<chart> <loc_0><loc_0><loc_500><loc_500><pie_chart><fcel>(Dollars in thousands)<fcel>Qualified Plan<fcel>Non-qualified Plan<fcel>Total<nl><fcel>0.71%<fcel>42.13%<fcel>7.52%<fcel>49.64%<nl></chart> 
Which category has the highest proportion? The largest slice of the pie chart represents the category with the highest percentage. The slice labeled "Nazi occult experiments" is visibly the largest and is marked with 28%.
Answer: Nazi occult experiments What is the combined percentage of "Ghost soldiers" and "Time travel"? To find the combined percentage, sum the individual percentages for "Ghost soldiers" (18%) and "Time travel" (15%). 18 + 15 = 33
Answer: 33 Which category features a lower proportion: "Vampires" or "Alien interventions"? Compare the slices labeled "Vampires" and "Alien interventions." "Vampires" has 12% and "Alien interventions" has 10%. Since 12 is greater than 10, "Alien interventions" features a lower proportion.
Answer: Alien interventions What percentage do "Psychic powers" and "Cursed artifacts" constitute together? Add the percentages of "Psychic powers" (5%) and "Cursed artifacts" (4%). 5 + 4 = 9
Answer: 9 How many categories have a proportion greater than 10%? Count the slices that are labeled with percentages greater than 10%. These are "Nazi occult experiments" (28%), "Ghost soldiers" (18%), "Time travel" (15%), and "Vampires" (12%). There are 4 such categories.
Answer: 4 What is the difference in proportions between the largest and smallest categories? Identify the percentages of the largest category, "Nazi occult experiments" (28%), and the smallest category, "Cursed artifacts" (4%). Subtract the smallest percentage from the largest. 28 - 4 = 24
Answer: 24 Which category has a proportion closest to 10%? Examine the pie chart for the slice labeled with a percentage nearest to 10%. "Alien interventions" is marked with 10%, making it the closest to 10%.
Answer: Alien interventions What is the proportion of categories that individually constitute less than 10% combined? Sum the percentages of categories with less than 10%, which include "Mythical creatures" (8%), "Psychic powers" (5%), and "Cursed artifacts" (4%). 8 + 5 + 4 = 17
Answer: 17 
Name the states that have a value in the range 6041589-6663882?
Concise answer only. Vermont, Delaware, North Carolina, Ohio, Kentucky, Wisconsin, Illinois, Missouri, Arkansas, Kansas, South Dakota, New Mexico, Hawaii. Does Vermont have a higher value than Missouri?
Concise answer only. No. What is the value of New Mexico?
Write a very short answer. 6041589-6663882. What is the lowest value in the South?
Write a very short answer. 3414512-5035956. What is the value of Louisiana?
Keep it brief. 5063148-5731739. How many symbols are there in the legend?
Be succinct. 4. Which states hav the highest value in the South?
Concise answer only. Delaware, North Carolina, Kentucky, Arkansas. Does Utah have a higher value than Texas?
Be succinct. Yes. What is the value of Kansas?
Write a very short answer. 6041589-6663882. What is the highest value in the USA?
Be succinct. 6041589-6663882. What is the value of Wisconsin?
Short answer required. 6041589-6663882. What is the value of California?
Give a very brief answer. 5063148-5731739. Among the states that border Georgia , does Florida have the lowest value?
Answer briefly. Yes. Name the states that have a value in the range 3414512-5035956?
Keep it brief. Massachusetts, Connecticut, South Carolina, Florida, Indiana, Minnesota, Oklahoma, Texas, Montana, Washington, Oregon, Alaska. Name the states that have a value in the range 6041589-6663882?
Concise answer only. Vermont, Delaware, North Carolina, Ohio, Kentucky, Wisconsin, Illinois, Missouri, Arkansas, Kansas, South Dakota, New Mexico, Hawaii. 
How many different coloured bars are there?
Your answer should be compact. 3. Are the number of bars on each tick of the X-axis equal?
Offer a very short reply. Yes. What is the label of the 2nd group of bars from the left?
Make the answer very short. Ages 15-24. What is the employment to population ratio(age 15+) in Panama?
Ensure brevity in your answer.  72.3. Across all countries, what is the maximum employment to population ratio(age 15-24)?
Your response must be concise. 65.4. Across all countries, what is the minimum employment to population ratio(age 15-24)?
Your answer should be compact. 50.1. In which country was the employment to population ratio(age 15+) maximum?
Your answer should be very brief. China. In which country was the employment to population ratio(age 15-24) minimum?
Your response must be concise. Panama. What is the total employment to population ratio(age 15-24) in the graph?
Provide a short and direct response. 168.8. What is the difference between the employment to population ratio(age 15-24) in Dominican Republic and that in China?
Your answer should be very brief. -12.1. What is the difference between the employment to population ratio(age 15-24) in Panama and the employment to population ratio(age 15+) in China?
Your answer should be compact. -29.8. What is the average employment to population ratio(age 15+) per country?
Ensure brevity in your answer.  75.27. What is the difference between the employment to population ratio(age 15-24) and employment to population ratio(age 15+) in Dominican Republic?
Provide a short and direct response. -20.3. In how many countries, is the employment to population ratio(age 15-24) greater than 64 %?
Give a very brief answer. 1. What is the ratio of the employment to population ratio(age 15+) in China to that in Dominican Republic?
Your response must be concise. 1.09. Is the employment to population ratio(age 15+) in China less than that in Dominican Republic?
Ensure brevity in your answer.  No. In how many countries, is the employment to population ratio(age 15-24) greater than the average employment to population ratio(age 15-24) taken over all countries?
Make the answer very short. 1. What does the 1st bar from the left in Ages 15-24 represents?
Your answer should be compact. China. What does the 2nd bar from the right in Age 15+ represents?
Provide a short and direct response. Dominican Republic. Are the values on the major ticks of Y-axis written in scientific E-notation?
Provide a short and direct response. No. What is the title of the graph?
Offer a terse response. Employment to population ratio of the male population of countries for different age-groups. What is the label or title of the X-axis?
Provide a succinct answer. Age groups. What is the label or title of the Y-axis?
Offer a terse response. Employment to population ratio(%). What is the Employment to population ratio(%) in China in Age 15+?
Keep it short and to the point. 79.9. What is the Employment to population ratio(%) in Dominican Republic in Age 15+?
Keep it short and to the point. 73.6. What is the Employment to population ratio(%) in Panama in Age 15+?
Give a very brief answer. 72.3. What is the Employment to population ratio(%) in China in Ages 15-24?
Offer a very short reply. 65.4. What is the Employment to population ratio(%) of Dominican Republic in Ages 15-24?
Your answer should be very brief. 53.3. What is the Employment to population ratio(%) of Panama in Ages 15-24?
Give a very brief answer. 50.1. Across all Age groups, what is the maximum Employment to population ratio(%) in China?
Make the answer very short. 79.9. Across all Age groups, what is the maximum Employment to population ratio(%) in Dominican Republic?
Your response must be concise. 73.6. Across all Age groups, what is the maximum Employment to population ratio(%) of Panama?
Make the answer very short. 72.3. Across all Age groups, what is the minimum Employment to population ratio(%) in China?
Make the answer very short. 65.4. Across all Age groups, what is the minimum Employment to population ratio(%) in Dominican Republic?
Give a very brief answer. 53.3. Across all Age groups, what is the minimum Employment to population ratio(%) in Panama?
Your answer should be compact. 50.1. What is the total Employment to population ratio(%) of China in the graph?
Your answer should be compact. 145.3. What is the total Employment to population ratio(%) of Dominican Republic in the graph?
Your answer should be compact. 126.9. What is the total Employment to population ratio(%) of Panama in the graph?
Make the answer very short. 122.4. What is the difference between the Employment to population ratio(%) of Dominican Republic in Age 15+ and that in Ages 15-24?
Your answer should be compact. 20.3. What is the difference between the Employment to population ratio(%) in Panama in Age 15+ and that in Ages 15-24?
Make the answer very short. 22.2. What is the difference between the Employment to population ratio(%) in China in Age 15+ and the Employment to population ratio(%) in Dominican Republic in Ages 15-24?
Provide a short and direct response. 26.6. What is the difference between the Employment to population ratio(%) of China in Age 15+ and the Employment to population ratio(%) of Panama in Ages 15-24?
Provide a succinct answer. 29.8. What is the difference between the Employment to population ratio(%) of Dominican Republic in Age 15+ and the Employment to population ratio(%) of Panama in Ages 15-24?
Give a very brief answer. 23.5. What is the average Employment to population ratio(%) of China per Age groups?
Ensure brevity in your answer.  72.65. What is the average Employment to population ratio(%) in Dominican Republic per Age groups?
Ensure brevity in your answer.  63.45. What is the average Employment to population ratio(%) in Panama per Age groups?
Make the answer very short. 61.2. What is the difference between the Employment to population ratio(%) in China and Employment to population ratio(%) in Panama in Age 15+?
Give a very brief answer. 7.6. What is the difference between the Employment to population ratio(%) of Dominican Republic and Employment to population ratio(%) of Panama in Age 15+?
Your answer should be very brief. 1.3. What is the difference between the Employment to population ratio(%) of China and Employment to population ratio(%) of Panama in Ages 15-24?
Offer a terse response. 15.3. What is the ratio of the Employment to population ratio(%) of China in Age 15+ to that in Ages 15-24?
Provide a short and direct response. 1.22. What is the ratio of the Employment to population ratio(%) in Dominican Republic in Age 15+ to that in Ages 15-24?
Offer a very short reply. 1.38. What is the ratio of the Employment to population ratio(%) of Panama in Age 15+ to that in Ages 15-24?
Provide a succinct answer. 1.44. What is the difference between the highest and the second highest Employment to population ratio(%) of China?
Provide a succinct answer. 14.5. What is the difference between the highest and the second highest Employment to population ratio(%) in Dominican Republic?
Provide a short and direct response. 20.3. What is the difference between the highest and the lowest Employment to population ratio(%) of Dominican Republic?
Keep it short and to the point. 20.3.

_WHAT YOU ARE ASKED TO DO_
Using the data above, transcribe the lines that run from the line with "Provide a succinct answer. Age" to the line with "Give a very brief answer. 72.3.", both ends kept, and output nothing else.

_ANSWER SPACE_
Provide a succinct answer. Age groups. What is the label or title of the Y-axis?
Offer a terse response. Employment to population ratio(%). What is the Employment to population ratio(%) in China in Age 15+?
Keep it short and to the point. 79.9. What is the Employment to population ratio(%) in Dominican Republic in Age 15+?
Keep it short and to the point. 73.6. What is the Employment to population ratio(%) in Panama in Age 15+?
Give a very brief answer. 72.3. What is the Employment to population ratio(%) in China in Ages 15-24?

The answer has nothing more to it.